その代わりと言っては何ですが、「最新情報」のコーナーにも書きましたように、
樽酒の振る舞いや特別価格の生ビールなども用意しました。また、まだお客様にお出しする
レベルではないものの、店主が四苦八苦して打った蕎麦も無理矢理食べていただくかも
しれません。

このところ晴天続きで、店の近くの十間橋では朝から「逆さツリー」を見物する人たちで
賑わっています。店の前に開店案内ハガキを置いてあるのですが、スカイツリー見物の
ついでに持って帰る人たちが結構いて、新しい人の流れができつつあることが実感されます。
もっとも夜になれば商店街の人影はめっきり少なくなりますので、過剰な期待は禁物だと
自戒していますが、店のオープンとともに街がどう変わっていくかを見ることができるのも
楽しみの1つです。

いよいよ開店まで秒読みとなりました

13 5月 2010

 

ずっとパソコンが不調で、このブログの更新が滞ってしまっているうちに、開店まで
1週間といよいよ秒読みが始まってしまいました。夜寝る前に「あ、あれもやってない、
これもやってない」と突然思い出すことが多く、かなり焦っています。
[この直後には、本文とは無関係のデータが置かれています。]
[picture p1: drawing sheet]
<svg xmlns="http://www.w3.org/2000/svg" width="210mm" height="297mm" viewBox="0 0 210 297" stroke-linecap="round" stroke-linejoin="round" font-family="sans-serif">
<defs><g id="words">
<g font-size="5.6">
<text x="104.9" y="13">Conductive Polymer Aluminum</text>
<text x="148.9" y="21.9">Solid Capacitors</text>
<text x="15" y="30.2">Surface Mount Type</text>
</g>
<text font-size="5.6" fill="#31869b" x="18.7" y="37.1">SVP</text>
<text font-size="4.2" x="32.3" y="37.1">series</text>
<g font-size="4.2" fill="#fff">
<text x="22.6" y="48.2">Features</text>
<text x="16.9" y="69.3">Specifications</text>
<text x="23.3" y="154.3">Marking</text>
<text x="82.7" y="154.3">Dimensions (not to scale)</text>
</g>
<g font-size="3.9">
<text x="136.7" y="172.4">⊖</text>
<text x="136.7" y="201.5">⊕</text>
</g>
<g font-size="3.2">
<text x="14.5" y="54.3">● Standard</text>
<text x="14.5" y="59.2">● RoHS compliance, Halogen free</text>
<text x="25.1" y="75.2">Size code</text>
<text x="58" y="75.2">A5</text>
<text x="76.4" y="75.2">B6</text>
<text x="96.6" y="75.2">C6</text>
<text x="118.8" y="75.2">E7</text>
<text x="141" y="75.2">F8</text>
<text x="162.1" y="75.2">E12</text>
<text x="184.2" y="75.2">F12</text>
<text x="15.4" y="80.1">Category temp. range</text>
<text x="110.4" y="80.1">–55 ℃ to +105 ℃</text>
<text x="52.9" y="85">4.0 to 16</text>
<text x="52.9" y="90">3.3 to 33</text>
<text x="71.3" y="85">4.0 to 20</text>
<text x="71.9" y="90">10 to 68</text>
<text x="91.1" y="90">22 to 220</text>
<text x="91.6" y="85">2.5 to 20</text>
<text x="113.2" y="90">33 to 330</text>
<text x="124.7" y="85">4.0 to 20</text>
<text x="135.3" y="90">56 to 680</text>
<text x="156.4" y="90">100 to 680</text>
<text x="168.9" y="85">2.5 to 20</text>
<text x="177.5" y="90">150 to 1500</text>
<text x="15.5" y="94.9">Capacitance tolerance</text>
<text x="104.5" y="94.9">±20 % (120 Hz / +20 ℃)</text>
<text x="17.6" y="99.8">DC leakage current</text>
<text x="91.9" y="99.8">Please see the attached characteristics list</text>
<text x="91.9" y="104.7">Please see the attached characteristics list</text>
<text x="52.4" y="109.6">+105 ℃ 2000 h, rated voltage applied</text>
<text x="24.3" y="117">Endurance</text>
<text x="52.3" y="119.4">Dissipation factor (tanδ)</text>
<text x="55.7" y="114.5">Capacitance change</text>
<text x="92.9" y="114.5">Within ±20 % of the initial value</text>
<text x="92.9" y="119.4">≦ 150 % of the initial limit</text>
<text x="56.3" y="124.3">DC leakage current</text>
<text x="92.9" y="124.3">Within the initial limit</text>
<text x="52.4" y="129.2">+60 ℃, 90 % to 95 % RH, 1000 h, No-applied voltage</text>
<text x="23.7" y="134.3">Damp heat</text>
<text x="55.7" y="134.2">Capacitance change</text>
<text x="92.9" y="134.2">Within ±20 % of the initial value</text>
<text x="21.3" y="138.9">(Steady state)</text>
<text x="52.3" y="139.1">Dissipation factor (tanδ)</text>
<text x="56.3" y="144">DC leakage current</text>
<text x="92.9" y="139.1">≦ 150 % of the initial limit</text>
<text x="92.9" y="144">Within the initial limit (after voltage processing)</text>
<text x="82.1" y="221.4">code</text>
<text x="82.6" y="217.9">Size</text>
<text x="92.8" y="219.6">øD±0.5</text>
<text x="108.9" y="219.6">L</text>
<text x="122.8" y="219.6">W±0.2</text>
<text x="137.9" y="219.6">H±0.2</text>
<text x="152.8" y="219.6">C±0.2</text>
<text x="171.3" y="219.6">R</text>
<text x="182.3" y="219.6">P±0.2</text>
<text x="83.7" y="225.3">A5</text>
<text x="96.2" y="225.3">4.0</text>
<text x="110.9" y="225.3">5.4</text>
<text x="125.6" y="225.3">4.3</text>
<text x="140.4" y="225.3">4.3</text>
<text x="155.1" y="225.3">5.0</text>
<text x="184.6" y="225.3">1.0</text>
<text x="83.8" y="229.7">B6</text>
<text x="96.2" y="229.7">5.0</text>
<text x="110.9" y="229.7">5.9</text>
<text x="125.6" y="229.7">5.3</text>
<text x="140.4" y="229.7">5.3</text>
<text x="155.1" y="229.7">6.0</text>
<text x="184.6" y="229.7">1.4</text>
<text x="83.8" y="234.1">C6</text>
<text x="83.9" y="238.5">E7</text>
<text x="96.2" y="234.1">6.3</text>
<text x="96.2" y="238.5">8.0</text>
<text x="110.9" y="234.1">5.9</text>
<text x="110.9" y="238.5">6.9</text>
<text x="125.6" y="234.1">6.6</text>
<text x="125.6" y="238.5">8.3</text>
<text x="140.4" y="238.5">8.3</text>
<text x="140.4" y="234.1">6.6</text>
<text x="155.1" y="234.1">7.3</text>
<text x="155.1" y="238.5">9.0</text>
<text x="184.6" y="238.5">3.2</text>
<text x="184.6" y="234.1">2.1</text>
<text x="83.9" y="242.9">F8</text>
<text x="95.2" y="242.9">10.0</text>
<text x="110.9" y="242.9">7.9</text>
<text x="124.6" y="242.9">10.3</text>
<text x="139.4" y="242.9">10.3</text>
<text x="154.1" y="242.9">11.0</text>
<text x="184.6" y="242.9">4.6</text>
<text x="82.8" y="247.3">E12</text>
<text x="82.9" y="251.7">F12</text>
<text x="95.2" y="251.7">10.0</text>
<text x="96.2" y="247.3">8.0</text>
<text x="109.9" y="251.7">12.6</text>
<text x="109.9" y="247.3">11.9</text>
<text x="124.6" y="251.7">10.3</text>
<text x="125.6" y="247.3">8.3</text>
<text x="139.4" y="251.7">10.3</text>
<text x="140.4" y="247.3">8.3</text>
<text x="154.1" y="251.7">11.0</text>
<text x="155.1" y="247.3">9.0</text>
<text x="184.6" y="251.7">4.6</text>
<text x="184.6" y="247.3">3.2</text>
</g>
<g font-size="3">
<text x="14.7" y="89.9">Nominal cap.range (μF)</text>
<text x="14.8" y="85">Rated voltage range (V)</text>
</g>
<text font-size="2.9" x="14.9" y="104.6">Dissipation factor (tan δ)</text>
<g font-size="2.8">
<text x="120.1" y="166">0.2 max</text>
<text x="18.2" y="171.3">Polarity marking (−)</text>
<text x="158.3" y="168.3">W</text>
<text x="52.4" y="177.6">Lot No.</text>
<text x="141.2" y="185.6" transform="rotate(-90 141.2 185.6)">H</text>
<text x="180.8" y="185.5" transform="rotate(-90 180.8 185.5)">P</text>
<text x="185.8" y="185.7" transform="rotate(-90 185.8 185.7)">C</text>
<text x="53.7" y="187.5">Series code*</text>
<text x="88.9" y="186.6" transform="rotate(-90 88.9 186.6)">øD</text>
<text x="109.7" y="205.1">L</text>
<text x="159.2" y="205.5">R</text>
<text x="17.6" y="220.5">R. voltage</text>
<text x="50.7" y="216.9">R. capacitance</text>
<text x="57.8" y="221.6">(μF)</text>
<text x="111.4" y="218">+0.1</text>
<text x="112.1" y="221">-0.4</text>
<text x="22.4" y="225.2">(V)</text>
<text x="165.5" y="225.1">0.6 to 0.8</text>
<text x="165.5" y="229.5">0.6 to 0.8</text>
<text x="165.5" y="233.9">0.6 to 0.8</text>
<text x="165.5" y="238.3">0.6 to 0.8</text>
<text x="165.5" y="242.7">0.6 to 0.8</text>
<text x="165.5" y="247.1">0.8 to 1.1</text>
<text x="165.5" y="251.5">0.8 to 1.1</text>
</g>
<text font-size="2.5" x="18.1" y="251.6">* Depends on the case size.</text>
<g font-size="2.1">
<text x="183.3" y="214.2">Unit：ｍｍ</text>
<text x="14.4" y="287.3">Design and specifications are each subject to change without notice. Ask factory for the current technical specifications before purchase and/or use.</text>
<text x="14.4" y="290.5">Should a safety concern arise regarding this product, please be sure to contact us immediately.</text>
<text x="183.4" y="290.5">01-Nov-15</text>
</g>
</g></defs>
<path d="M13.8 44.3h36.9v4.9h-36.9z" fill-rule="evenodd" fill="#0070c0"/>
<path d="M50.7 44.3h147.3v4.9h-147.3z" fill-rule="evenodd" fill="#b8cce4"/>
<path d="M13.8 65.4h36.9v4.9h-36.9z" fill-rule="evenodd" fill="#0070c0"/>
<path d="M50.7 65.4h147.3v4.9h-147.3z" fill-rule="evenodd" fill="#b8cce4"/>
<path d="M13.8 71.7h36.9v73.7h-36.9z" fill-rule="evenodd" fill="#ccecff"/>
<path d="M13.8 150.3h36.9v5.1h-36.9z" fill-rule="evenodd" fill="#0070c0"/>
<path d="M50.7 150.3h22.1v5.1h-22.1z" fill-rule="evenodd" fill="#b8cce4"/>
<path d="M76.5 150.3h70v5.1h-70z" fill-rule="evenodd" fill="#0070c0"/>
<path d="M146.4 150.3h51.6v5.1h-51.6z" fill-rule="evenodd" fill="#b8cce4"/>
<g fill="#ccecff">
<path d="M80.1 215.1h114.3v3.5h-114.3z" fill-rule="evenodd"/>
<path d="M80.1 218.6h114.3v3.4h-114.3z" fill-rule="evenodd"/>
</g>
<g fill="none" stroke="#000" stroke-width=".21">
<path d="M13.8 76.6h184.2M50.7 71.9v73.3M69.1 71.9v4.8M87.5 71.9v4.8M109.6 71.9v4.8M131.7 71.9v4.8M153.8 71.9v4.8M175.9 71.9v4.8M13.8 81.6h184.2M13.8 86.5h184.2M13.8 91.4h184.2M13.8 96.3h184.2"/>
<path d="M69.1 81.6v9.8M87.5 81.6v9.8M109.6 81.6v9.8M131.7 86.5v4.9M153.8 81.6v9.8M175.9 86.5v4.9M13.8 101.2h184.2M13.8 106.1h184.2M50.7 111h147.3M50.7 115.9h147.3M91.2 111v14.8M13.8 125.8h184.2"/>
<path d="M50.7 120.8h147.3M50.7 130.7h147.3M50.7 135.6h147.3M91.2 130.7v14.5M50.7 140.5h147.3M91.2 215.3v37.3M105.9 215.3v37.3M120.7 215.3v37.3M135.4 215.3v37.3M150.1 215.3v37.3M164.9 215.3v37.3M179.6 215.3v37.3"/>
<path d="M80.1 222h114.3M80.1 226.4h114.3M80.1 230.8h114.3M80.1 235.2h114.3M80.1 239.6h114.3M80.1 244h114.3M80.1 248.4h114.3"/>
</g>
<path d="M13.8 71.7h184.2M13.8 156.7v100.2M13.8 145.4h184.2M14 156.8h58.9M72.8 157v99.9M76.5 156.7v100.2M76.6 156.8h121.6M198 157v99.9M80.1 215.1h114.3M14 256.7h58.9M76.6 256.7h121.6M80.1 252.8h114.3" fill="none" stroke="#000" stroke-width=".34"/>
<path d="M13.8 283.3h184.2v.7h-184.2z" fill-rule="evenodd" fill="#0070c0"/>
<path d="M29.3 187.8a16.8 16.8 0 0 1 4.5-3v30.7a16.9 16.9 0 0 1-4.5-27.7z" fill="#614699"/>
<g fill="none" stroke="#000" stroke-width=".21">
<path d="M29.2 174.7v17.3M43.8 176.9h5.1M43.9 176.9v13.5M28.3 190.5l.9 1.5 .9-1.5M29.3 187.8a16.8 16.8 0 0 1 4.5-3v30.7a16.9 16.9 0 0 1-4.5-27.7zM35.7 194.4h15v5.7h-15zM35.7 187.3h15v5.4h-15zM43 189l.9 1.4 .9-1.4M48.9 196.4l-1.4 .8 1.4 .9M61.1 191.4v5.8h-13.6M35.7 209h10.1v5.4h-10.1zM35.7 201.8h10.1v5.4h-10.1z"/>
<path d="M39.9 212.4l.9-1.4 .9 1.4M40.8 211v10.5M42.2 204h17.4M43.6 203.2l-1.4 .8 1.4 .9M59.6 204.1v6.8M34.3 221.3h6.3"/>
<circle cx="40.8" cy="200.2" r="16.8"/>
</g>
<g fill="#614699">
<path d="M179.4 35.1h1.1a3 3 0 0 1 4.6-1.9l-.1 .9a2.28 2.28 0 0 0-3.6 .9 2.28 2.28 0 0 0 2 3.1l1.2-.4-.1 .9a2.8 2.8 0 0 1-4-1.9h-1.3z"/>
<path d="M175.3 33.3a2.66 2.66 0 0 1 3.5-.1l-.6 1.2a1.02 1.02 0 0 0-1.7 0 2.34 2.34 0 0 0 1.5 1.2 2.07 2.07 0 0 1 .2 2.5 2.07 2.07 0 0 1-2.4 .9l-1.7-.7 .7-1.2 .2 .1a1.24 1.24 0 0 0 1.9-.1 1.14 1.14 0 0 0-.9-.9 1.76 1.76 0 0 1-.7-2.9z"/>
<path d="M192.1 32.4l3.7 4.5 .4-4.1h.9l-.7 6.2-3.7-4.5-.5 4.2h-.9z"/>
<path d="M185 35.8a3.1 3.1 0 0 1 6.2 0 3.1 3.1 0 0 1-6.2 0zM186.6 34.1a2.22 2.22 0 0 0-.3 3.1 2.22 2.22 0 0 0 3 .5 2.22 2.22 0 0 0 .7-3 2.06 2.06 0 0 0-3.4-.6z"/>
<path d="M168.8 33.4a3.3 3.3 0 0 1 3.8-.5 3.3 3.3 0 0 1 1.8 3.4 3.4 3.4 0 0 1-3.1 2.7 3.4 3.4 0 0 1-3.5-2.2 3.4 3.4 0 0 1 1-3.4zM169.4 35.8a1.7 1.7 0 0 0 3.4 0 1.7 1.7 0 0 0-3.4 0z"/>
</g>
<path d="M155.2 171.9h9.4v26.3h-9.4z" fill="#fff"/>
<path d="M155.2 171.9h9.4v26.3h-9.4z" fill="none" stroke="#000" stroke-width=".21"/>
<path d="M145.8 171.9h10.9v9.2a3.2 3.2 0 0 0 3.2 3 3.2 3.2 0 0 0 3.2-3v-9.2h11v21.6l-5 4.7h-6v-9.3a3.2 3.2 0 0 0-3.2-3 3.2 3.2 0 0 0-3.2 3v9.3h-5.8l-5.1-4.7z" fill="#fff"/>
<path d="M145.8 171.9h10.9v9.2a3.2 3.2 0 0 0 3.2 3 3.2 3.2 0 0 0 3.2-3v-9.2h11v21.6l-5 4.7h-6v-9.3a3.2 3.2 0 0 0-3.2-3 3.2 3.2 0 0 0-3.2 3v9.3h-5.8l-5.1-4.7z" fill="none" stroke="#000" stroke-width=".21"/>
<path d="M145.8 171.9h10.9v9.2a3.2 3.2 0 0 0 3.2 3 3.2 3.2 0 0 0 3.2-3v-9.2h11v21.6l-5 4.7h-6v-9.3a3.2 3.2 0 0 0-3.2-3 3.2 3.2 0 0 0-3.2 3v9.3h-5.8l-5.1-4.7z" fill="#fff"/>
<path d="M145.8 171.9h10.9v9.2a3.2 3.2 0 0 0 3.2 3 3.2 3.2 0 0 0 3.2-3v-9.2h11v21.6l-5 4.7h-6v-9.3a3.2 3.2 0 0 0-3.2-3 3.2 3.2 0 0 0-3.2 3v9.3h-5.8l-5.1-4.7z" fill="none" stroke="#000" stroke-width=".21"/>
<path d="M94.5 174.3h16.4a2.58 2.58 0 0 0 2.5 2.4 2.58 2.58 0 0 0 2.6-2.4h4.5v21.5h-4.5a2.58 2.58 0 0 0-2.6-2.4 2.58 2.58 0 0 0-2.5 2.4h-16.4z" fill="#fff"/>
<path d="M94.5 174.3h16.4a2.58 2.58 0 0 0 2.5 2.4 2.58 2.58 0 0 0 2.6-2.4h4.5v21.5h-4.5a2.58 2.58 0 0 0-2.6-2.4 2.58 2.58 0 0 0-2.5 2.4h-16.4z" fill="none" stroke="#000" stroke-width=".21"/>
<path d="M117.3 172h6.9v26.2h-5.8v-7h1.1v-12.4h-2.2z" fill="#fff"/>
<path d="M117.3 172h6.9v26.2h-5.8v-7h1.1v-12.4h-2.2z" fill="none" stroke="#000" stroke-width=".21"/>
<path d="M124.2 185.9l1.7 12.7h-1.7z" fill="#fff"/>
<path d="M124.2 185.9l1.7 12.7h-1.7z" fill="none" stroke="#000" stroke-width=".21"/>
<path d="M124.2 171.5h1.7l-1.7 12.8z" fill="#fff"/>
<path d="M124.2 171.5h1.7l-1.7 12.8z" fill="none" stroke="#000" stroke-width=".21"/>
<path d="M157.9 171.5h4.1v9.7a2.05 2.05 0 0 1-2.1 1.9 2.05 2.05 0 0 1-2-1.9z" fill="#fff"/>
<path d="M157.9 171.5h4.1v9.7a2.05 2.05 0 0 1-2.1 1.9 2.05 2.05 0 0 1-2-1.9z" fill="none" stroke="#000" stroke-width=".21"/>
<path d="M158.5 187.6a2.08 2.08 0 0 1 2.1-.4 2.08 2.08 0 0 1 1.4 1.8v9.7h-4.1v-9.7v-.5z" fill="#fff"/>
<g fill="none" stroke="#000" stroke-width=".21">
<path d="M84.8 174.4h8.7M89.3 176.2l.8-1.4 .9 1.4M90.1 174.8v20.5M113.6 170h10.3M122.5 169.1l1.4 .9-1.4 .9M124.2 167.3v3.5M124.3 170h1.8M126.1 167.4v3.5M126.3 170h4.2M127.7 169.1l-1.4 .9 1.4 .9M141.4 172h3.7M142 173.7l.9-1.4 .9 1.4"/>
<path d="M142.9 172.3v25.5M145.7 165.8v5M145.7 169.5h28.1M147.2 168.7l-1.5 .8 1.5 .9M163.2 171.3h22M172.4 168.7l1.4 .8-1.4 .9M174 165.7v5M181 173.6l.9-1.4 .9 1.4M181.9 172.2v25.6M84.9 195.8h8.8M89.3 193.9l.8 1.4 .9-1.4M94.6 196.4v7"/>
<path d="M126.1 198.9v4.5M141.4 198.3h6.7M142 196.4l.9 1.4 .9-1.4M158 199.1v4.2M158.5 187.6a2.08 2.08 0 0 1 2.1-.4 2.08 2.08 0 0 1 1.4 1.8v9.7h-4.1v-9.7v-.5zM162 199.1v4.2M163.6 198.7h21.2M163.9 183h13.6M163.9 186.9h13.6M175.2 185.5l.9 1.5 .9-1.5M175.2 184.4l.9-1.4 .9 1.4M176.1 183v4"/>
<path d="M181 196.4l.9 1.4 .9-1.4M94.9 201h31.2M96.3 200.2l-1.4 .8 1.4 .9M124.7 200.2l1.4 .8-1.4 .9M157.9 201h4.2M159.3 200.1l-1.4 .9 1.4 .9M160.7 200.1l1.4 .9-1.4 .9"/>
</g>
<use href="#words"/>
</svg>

以前、飲食店経営を
テーマにした雑誌の編集をやっていましたが、聞くのと実際にやるのは大違いですね。
当たり前のことを改めて痛感しています。

先日、秋田に帰省した折に、実家で昔使っていた宴会用の器が入った箱を蔵の奥から
引っ張り出しました。箱の中からは、漆塗りのお膳や汁椀、素朴な柄の銚子、猪口、皿、
湯呑みなど、時代がかった品々がたくさん出てきました。昔の宴会は家の座敷で開かれ
ましたので、各家が一通りこうした器を揃えていたわけですが、今は出番もなく埃をかぶって
いるばかり。酒席の盛り上がりを支えた器たちにもう一度活躍の場を与えてやりたくて、
大きな木箱で5箱くらいにもなるそれらを全て送ってもらいました。これから比較的状態の
いいものを選び、よく洗って店の食器として生き返らせます。

近頃は100円ショップに行っても結構立派な食器が買えますが、道具を消耗品扱いせずに
大事に使い込む日本の文化を見直すきっかけになればと思っています。もっとも、店で使う
食器全てが骨董というわけではなく、今の日本酒の酒質を十全に引き出す形状の器を考え、
特別に現代の陶芸家に焼いていただいたオリジナルの酒盃も用意しています。こうした器が
次代のスタンダードになればいいな、という思いも密かに抱いています。

このほかにも、カウンター材はウイスキーの貯蔵樽などで使われるホワイトオーク、のれんは
酒の絞りに使われる厚手の木綿生地を柿渋染めにしてもらいました。こだわりというには、
かなり独りよがりな店ですが、自己満足の世界を笑って楽しんでいただければ幸いです。
自分たちが楽しくないとお客様も楽しめない。そんな気持ちでぼちぼちと始めさせて
いただきますので、皆様もおおらかな心を携えてご来店を。